During fiscal 2009, we entered into a settlement agreement involving a customer claim alleging damages under the American with Disabilities Act with regard to access at our restaurants. The settlement requires us to pay $0.08 million in the aggregate in non-interest bearing quarterly installments commencing in fiscal 2010 through fiscal 2012. The amount of this settlement is included in other liabilities in the accompanying consolidated balance sheets and its balance as of September 26, 2011 is approximately $0.03 million
Purchasing
We have agreements with some of the nations largest food, paper, and beverage manufacturers in the industry. This enables us to provide our restaurants with high quality proprietary food products and non-food items at competitive prices. We source and negotiate prices directly with these suppliers and distribute these products to our restaurants primarily through a national network that consists of some of the nations largest independent distributors. We do not utilize a commissary system. Our inventory control system allows each restaurant to place orders electronically with our master distributor and then transmits the invoices electronically to our accounts payable system. Our scalable system eliminates duplicate work, and we believe it gives our management tight control of costs while ensuring quality and consistency across all restaurants.

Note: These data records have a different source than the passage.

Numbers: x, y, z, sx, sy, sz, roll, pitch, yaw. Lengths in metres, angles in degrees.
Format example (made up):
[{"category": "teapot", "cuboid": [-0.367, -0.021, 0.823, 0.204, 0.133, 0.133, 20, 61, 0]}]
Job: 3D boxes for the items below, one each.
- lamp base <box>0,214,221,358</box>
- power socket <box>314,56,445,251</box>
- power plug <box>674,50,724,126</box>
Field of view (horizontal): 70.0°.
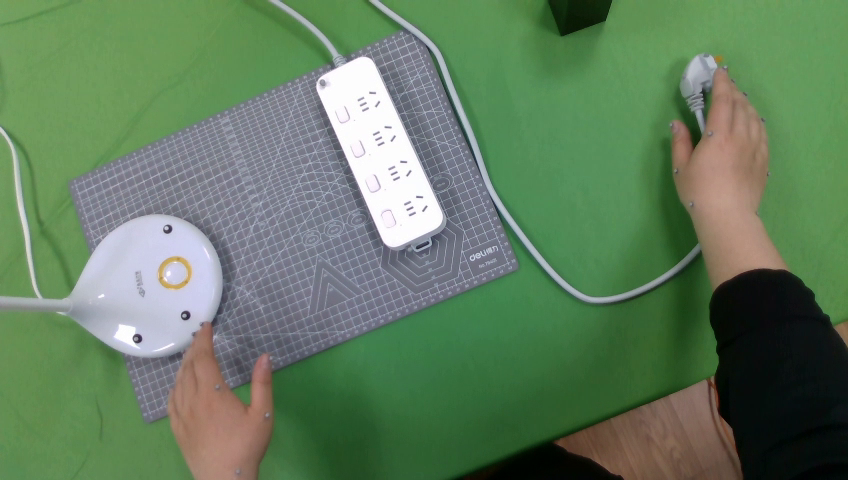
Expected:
[{"category": "lamp base", "cuboid": [-0.325, 0.049, 0.602, 0.179, 0.181, 0.160, -29, 81, 6]}, {"category": "power socket", "cuboid": [-0.049, -0.095, 0.656, 0.072, 0.033, 0.226, -25, 82, 3]}, {"category": "power plug", "cuboid": [0.288, -0.159, 0.627, 0.053, 0.035, 0.073, -20, 103, -6]}]

We have an agreement with Distribution Market Advantage, Inc. (Distribution Marketing Advantage) that provides us access to a national network of independent distributors. Under this agreement the independent distributors supply us with approximately 79% of our food and paper products, primarily under pricing agreements that we negotiate directly with the suppliers. This agreement was renegotiated and has been extended through December 2013.
We have a long-term beverage marketing agreement with the Coca-Cola Company. We received a marketing allowance under this agreement, which is being recognized as a reduction to expense ratably based on actual products purchased. Effective January 1, 2010, the beverage marketing agreement with the Coca-Cola Company was amended to provide for additional products as well as higher marketing allowances based on purchases.
In October 2010, we entered into an agreement to purchase all contracted coffee products through a single supplier, Royal Cup Coffee, Inc. This agreement expires in October 2015.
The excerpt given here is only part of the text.